Beda zaman beda pula tokohnya. Jika tokoh-tokoh
pejuang wanita masa lalu berjuang dengan cara menimba ilmu agar bisa sejajar
dengan kaum laki-laki, menulis buku
untuk mengungkapkan cita-cita dan obesisinya, bahkan menenteng senjata untuk
turut serta memperjuangkan kemerdekaan, maka wanita masa kini memiliki caranya
sendiri.
Sebutlah
Mubayyinah, wanita kelahiran asli Banjarnegara, 4 Mei 1954 ini belum banyak
dikenal masyarakat Banjarnegara. Padahal, lebih dari sebelas negara pernah
mengirimkan perwakilan negaranya untuk belajar pertanian organik kepadanya.
Terakhir, perwakilan dari Negara Vietnam dan Myanmar mengunjunginya pada
tanggal 25-27 April lalu.
Di
tengah gempuran zaman globalisasi yang menyeret masyarakat Banjarnegara,
khususnya generasi muda di Desa Merden untuk mencari pekerjaan di kota-kota besar,
Mubayyinah malah lebih tertarik untuk mempertahankan profesi kebanggaan orang
tuanya sebagai petani.
Berawal
dari keinginannya untuk memperbaiki lahan peninggalan orangtuanya yang dulu di
eskplotasi secara kimiawi untuk menyukseskan program revolusi hijau, ia pun
mempelajari pertanian organik secara otodidak mulai tahun 2007. Di atas sawah
seluas 4 hektar yang ia miliki ia pun mulai meregenerasi lahan yang sebelumnya telah banyak di cemari
bahan kimia dan sintetis dalam pengelolaannya. Cara yang ia pakai adalah dengan
menggunakan mikroba yang berasal dari bahwa pohon bambu.
“Alat
bantunya berupa nasi pera basi yang dibiarkan berkembang menjadi mikroba di
bahwa pohon bambu. Mikroba itu kemudian difermentasi dan dipadukan dengan gula
serta bekatul,” ungkapnya. Formula itulah yang di pakainya untuk merecovery lahan atau sawah yang sudah
rusak .
“Dengan
cara ini di jamin dalam waktu 2-3 musim tanam lahan yang rusak bisa kembali
bersih, “tambahnya.
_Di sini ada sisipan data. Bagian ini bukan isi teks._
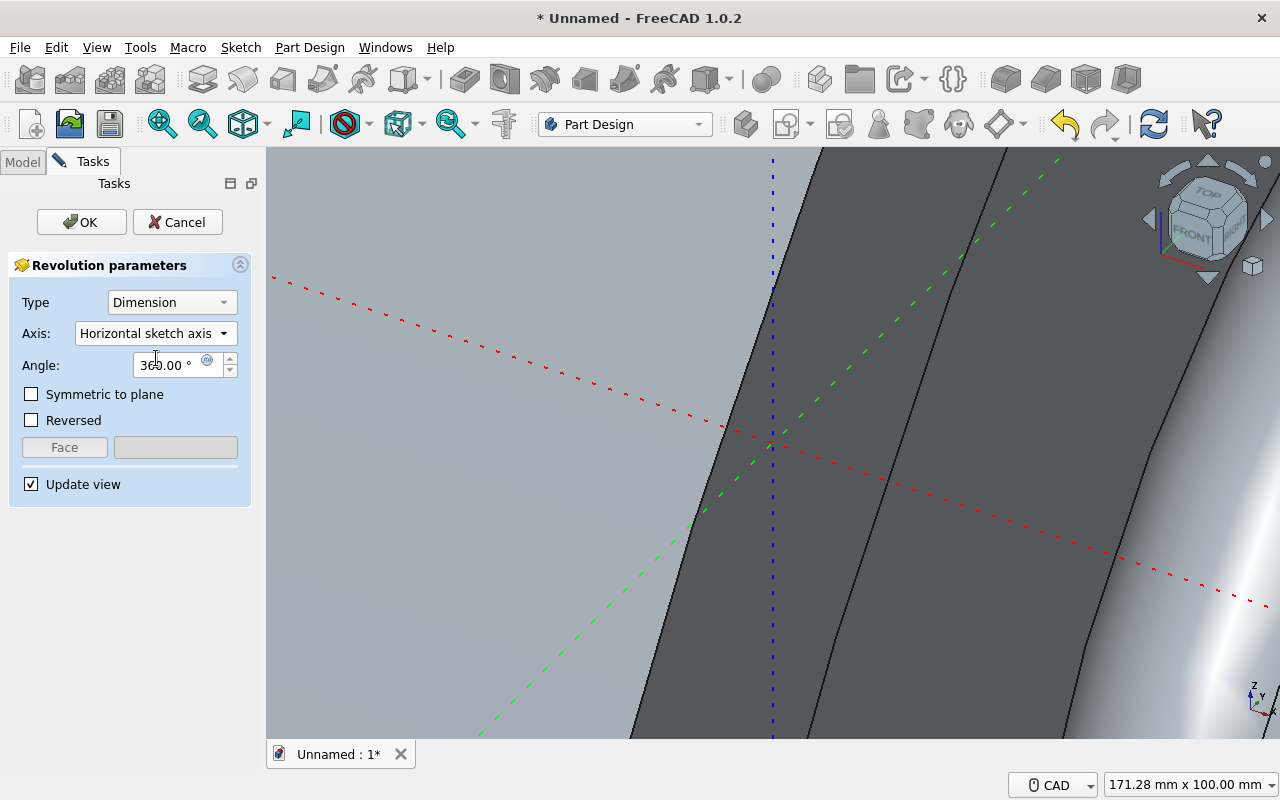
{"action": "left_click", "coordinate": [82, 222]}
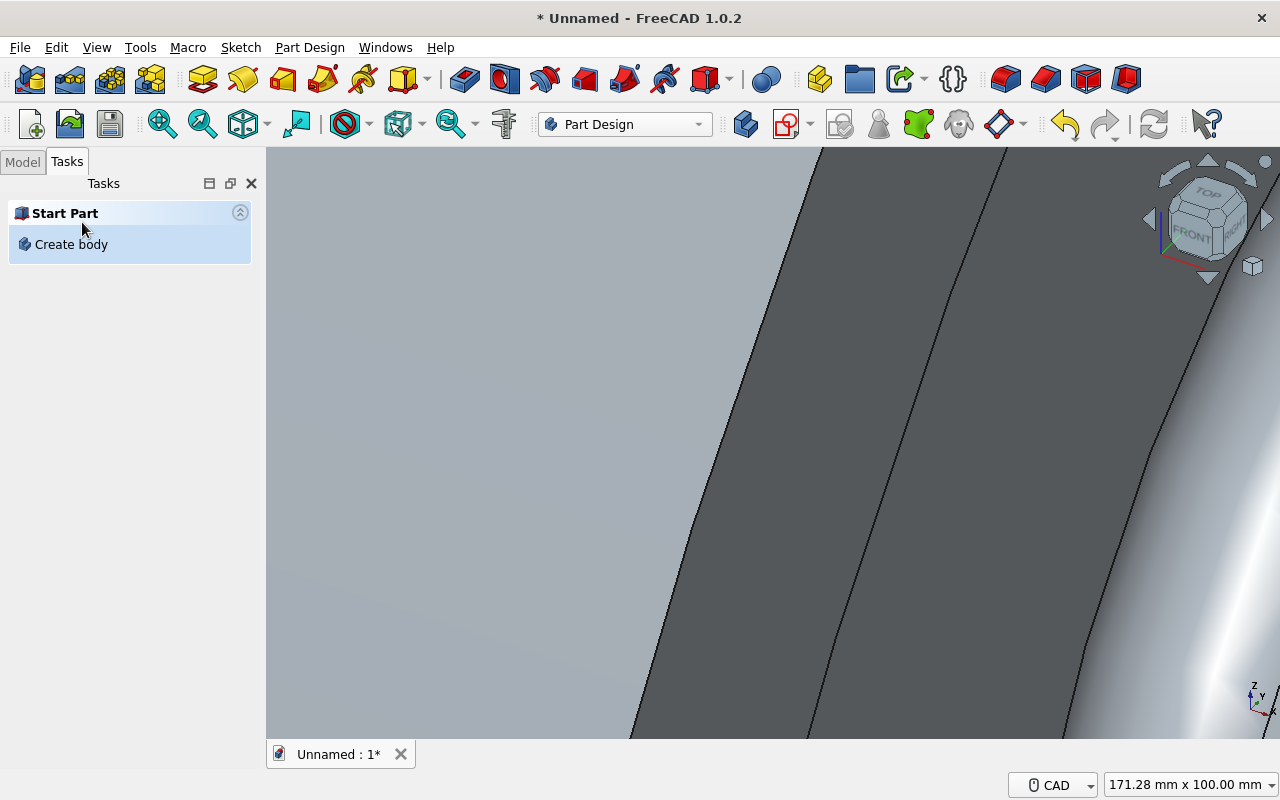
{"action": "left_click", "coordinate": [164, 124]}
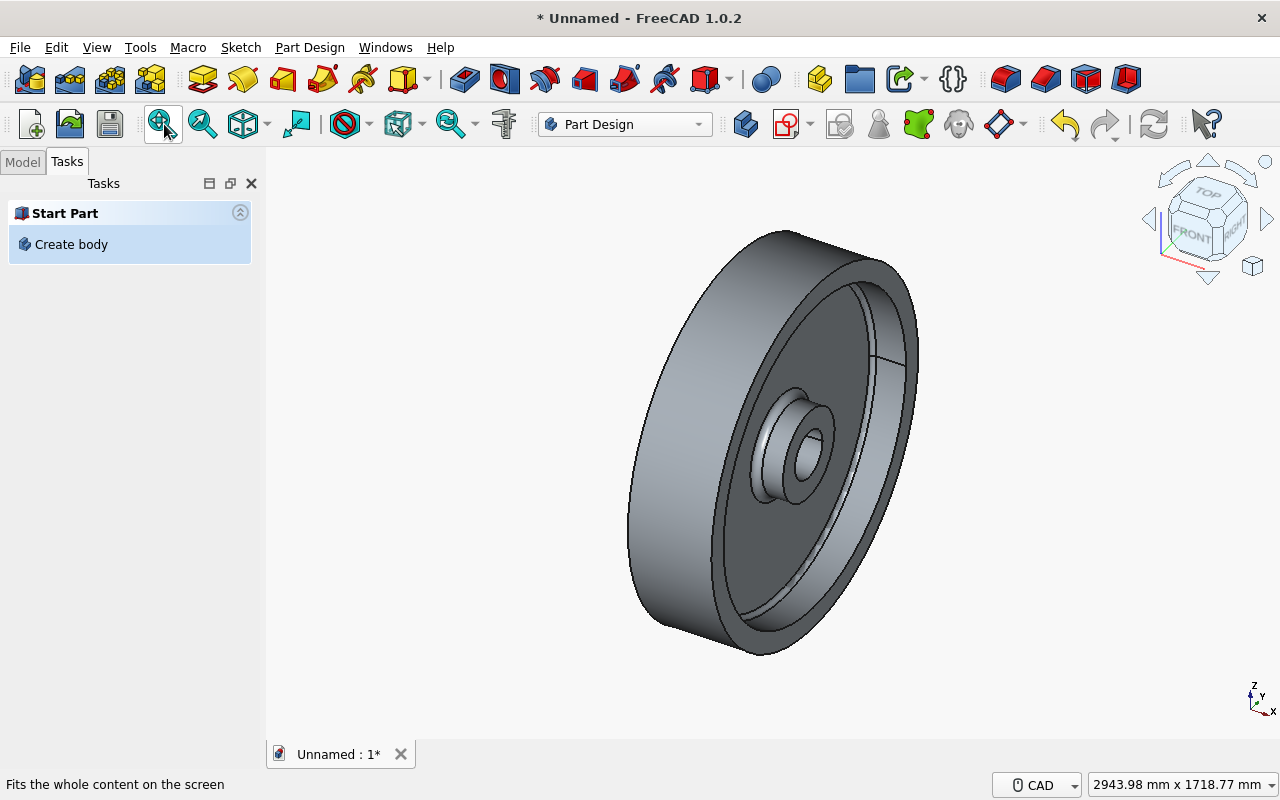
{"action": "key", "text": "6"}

Bahkan, menurutnya lahan yang sudah rusak parah pun dalam
waktu maksimal 3 tahun bisa pulih dari senyawa kimia dengan cara tersebut.
Setelah sawahnya
kembali bersih dari senyawa kimia, ia mulai menanam berbagai varietas padi
lokal di sawahnya . “Beberapa di antaranya sintanur ,mentik wangi, mentik susu,
pandan wangi, sari wangi, padii hitam dan Sri Wulan,” ujarnya
Alasannya
mengembangkan jenis padi lokal ini adalah karena varietas tersebut sudah hampir
punah dan bahkan sudah mulai jarang di temukan benihnya.“Upaya ini saya lakukan
untuk menguri-uri vaeritas lokal supaya tidak punah,” katanya.
Selain
itu, ia menambahkan, padi lokalnya mempunyai sifat unggul tertentu sebagai
ciri, misalnya warnanya hitam, merah, baunya
wangi, rasanya pulen dan dijamin kaya akan vitamin.
“Misalnya
mentik wangi dan mentik susu yang rasanya enak, pulen kaya vitamin dan sangat aman
juga disarankan untuk di konsumsi penderita diabetes,” ujarnya.
Selain
padi lokal, saat ini ia sedang mengembangkan varietas lain yaitu jagung jali
dan kacang tanah. Sedangkan untuk Tanaman Obat Keluarga (TOGA) yang dia kembangkan
di pekarangan rumahnya antara lain buah naga, jeruk nipis, jahe, kunyit, keji
beling, kumis kucing, sambiloto, dan cimplukan. Kesemuanya ia kembangkan dengan
pupuk alami secara organik tanpa bahan kimia sehingga di jamin aman dan
menyehatkan untuk di konsumsi .
Sementara
itu beberapa ternak yang ia kembangkan pula diantaranya berbagai jenis ikan, kambing dan
ayam. Dari ternak itulah dia mendapatkan berbagai pupuk alami untuk tanamannya
.
“Pupuk
alami biasanya saya dapatkan dari urine, feses, empedu, rumen, darah hewan juga
nutrisi telur dan ikan,” tambahnya.
Upayanya
untuk terus mempertahankan pertanian organik ini terus berjalan hingga saat ini
sejalan dengan obsesinya untuk menjadikan rumahnya sebagai pesantren pertanian.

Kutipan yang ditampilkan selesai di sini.